CODE: Contrasting Self-generated Description to Combat Hallucination in Large Multi-modal Models
- URL: http://arxiv.org/abs/2406.01920v1
- Date: Tue, 4 Jun 2024 03:04:21 GMT
- Title: CODE: Contrasting Self-generated Description to Combat Hallucination in Large Multi-modal Models
- Authors: Junho Kim, Hyunjun Kim, Yeonju Kim, Yong Man Ro,
- Abstract summary: We introduce a novel contrastive-based decoding method, COuntering DEscription Contrastive Decoding (CODE)
Our method significantly reduces hallucinations and improves cross-modal consistency across various benchmarks and cutting-edge LMMs.
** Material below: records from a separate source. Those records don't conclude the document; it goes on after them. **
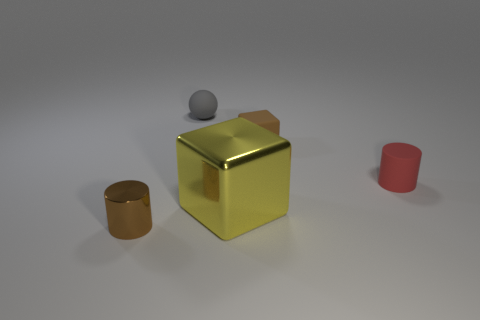Is the number of metal cylinders to the right of the small brown matte object the same as the number of large yellow cylinders?
Give a very brief answer. Yes. Is there any other thing that is the same size as the brown shiny cylinder?
Ensure brevity in your answer.  Yes. There is a metallic object that is the same shape as the red rubber thing; what color is it?
Offer a very short reply. Brown. How many other large objects have the same shape as the yellow object?
Your answer should be compact. 0. What is the material of the small cylinder that is the same color as the tiny rubber cube?
Offer a very short reply. Metal. What number of small brown rubber things are there?
Offer a terse response. 1. Are there any cylinders that have the same material as the large yellow thing?
Provide a short and direct response. Yes. There is a thing that is the same color as the tiny matte cube; what is its size?
Your answer should be compact. Small. Does the cylinder that is left of the gray rubber ball have the same size as the cube in front of the tiny red object?
Offer a terse response. No. What size is the brown object that is behind the large metallic object?
Give a very brief answer. Small. 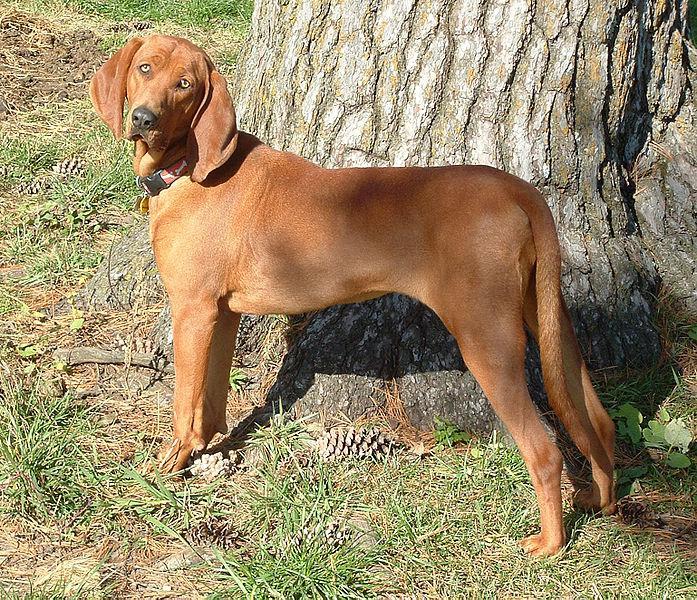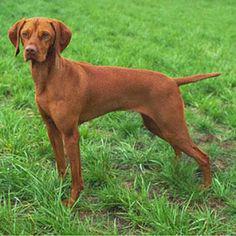The first image is the image on the left, the second image is the image on the right. For the images shown, is this caption "The left image contains one dog facing towards the right." true? Answer yes or no. No.

- Score: 51.70129969269271
- License: http://arxiv.org/licenses/nonexclusive-distrib/1.0/
- Abstract: Large Multi-modal Models (LMMs) have recently demonstrated remarkable abilities in visual context understanding and coherent response generation. However, alongside these advancements, the issue of hallucinations has emerged as a significant challenge, producing erroneous responses that are unrelated to the visual contents. In this paper, we introduce a novel contrastive-based decoding method, COuntering DEscription Contrastive Decoding (CODE), which leverages self-generated descriptions as contrasting references during the decoding phase of LMMs to address hallucination issues. CODE utilizes the comprehensive descriptions from model itself as visual counterpart to correct and improve response alignment with actual visual content. By dynamically adjusting the information flow and distribution of next-token predictions in the LMM's vocabulary, CODE enhances the coherence and informativeness of generated responses. Extensive experiments demonstrate that our method significantly reduces hallucinations and improves cross-modal consistency across various benchmarks and cutting-edge LMMs. Our method provides a simple yet effective decoding strategy that can be integrated to existing LMM frameworks without additional training.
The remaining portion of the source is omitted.